Well, sometimes your private life just kicks in at the busiest time of the year, and just doesn’t give a shit that you planned to publish your Christmas dinner in the beginning of December. Instead I now have a last minute Christmas quickie for you shortly before Christmas Eve.
But let’s focus on the good things: This stuffed pumpkin with sweet-sour kale, crispy pecan nuts and dried tomatoes with an almond butter sauce is generally a beautiful winter dish. Savory, thick, spicy and warming.
I’ve planned to stuff a pumpkin for a while now, and I’m sure there’ll be more recipes of this kind following next year, now that I got the hang of it. The stuffing took me quite some evenings of brainstorming. I couldn’t possibly bother you again with spinach and feta – my favourite combo ever – again. But I neither felt like making a meat stuffed pumpkin.
The final, chosen stuffing will make meat lovers equally happy as vegans. The taste got everything covered you could wish for. A hearty, soft pumpkin, sweet-sour kale, crunchy nuts and salty tomatoes. The almond butter sauce has a nice touch of acid while mainly being nutty and rich.
As sides we had a simple, creamy and perfect potato purée with loads of garlic – the recipe will follow… when the time is right 😀 – and green beans from the freezer with onions and smoked tofu dices.
A well rounded dish I’d say, so let’s get started!
- 1 medium sized butternut pumpkin (~ 1,5 -2kg)
- 2 cloves of garlic
- 30ml olive oil
- 1 tsp smoked paprika
- 2-3 twigs of rosemary
- salt & pepper
- 3-4 hands full of kale (~300g)
- 30ml olive oil
- 2-3 tbsp maple syrup (or honey)
- 1 tbsp hot mustard
- 20ml apple vinegar
- some salt
- 30g dried tomatoes (favourably in oil)
- 2 hands full of roasted pecan nuts
- 200ml vegetable broth
- 4 tbsp almond butter
- 1 dash of apple vinegar (or lemon juice)
- 1 tbsp nutmeg
- 1 tbsp margarine
- Preheat the oven to 200°C / 392°Fand cover a tray with baking paper.

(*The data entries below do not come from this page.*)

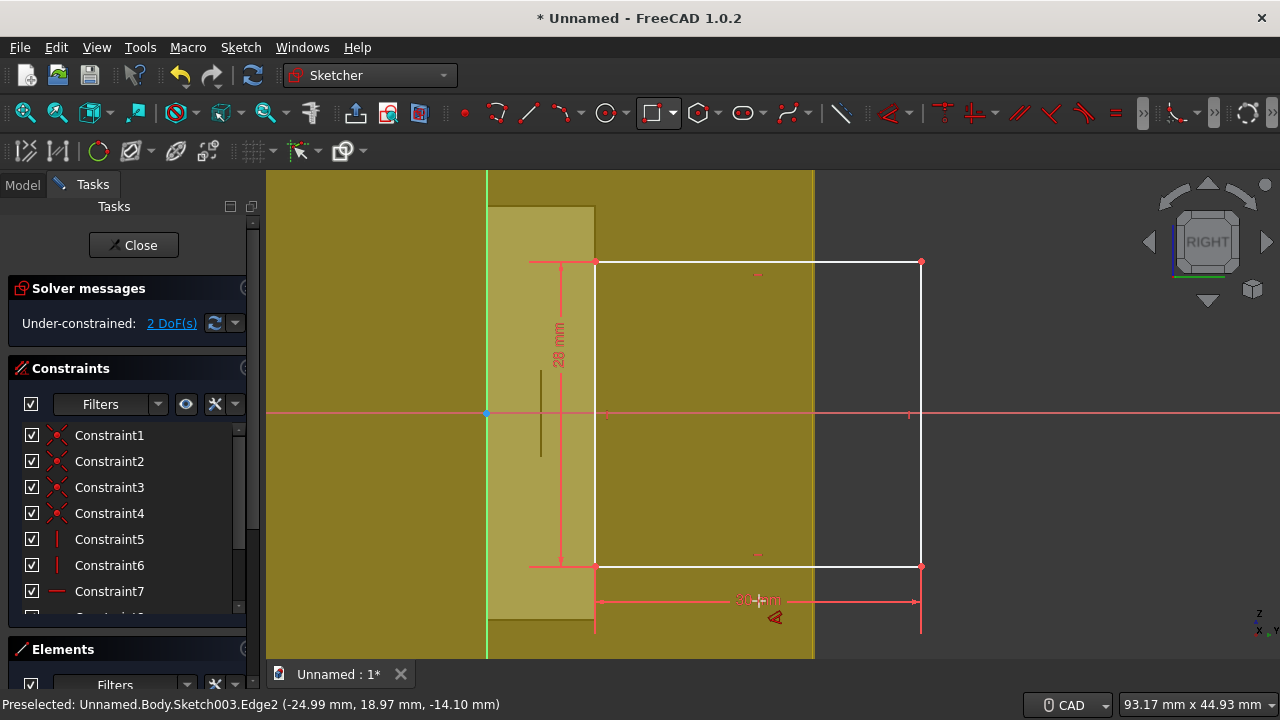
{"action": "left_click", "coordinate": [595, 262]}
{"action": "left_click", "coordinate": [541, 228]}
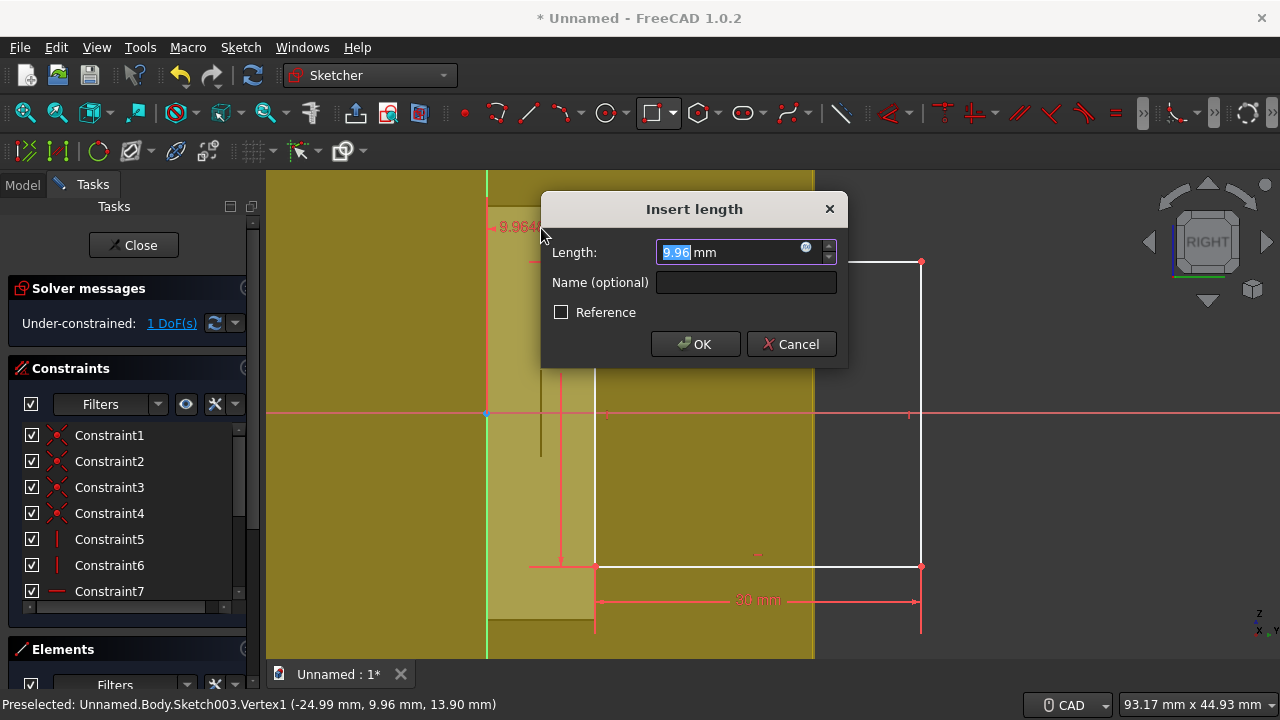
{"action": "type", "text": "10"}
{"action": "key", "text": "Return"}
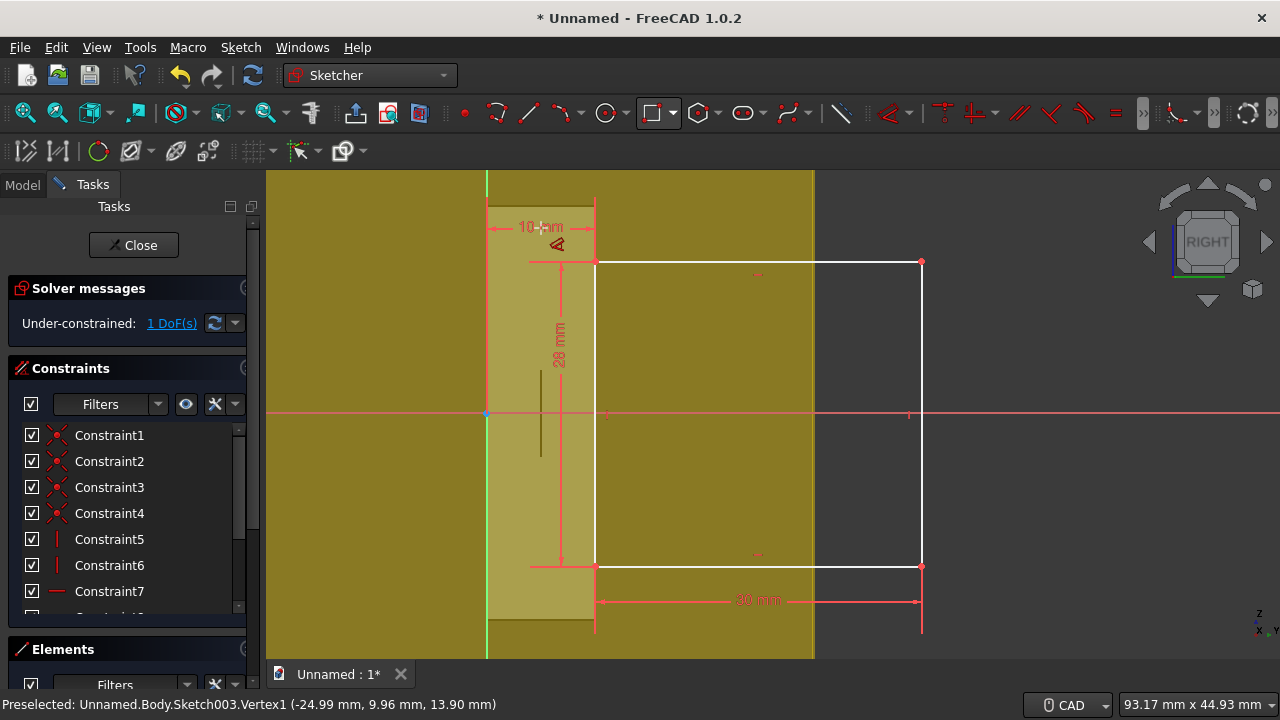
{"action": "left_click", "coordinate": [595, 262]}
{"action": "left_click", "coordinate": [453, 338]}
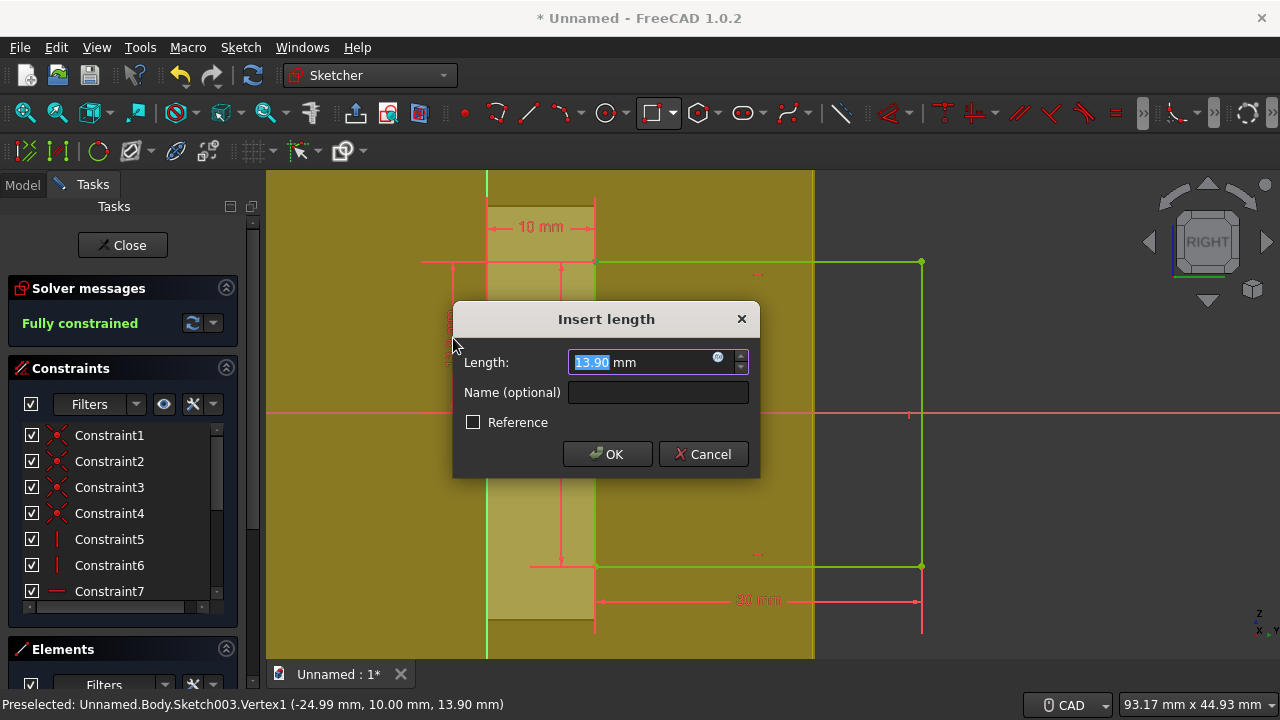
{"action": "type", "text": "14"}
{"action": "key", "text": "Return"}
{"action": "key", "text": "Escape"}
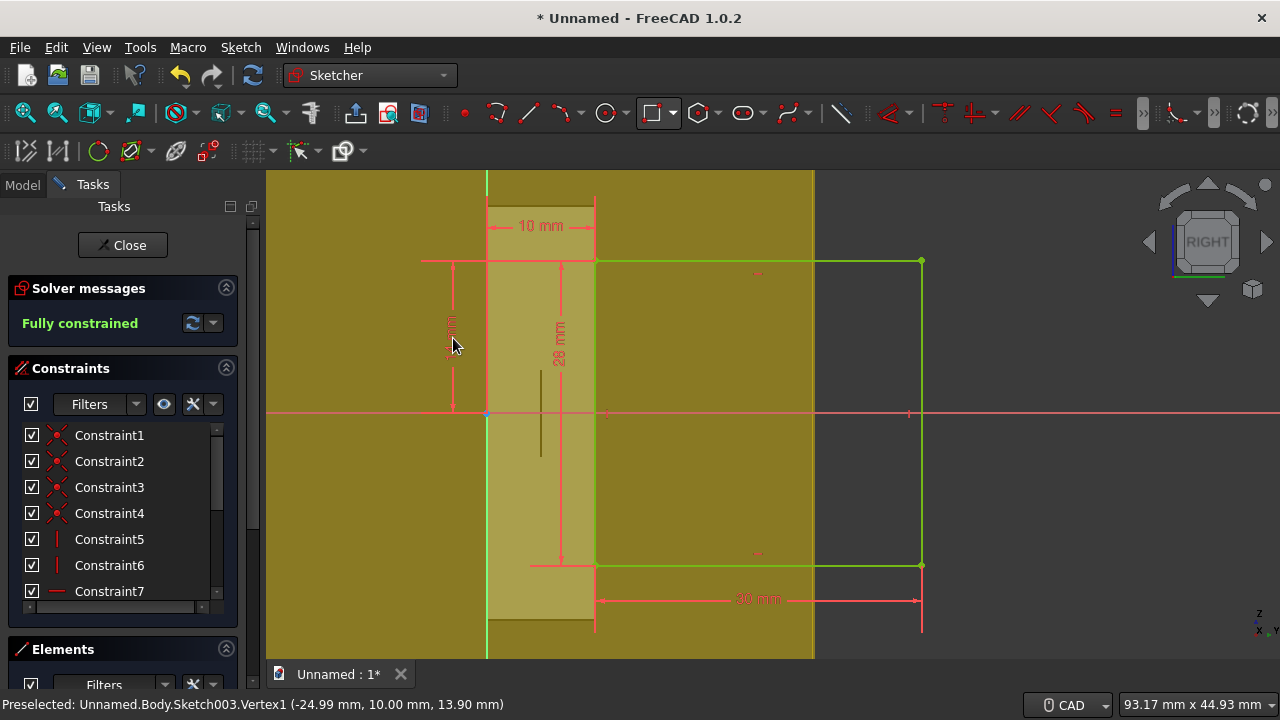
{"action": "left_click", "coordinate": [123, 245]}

- Halve the pumpkin and remove the seeds. With a sharp knife cut both ways diagonally into the pumpkin flesh. The cuts shall be deep, but not too deep to injure the outer skin.
- Mince two cloves of garlic and add them to a bowl with olive oil, smoked paprika, salt and pepper.
- With a brush or your hands spread the marinade evenly on both pumpkin halves. Whatever is left over can be poured into the scraped out part of the pumpkin. Add the rosemary twigs lastly.
- On a baking tray put the pumpkin into the oven to roast it for 60-80 minutes until soft. From time to time you can spoon the leftover olive oil onto the drier parts of the pumpkin.
- After about 45 minutes the pumpkin should be already half way soft and you may want to spoon out the soft parts of the flesh (and leave it in the pumpkin). This will speed up the further roasting process.
- While the pumpkin is roasting you can prepare the stuffing.
- Rinse the kale in cold water and knead it thoroughly with your hands. Remove the leaves from the hard stems and let them drain in a sieve.
- Mix oil, vinegar, mustard, maple syrup and salt in a big bowl to a dressing. Bit by bit add the kale and knead the dressing in the leaves. It's easiest if you just use your hands for this.
- Roast the pecan nuts without oil in a pan. Let the tomatoes drain from excess oil on a paper towel and cut them into small pieces.
- Take the soft and roasted pumpkin out of the oven and turn if off. Now add the kale, tomatoes and pecan nuts evenly into both pumpkin pieces and put it into the oven with the remaining heat while you prepare the almond butter sauce.
- In a pot bring the broth and almond butter to a boil slowly. Once it simmers add a little margarine, a dash of apple vinegar and – if necessary – some salt and let the sauce reduce on medium heat. If your sauce does not seem to get thick enough add a teaspoon of starch solved in some warm water.
- Remove the pumpkin from the oven and serve it on a plate (maybe on a bed of kale). I recommend creamy mashed potatoes and crisp green beans as sides.